GIVEN ENTRIES START

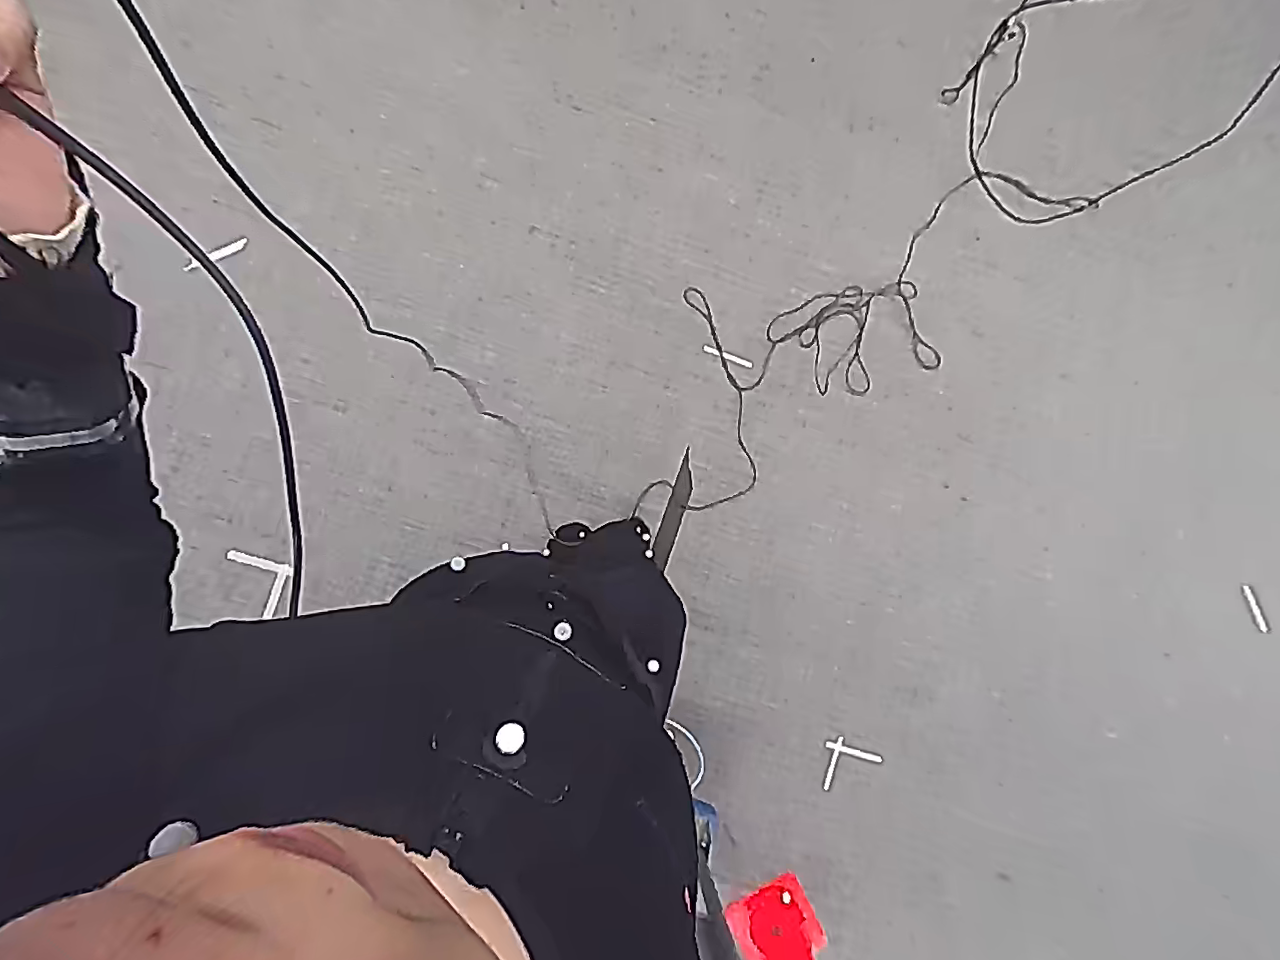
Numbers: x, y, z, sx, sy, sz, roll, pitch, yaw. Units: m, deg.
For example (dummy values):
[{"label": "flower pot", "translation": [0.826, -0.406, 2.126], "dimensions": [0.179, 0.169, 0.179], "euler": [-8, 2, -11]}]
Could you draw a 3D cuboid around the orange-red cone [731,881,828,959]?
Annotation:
[{"label": "orange-red cone", "translation": [0.349, 1.097, 1.151], "dimensions": [0.199, 0.360, 0.198], "euler": [-25, 87, -3]}]

GIVEN ENTRIES END

» EXERCISE REQUIREMENTS
Having located the line containing "Could you draw", set it down along with every line after it through the end of the data, reproducing each exactly.

» EXPECTED OUTPUT
Could you draw a 3D cuboid around the orange-red cone [731,881,828,959]?
Annotation:
[{"label": "orange-red cone", "translation": [0.349, 1.097, 1.151], "dimensions": [0.199, 0.360, 0.198], "euler": [-25, 87, -3]}]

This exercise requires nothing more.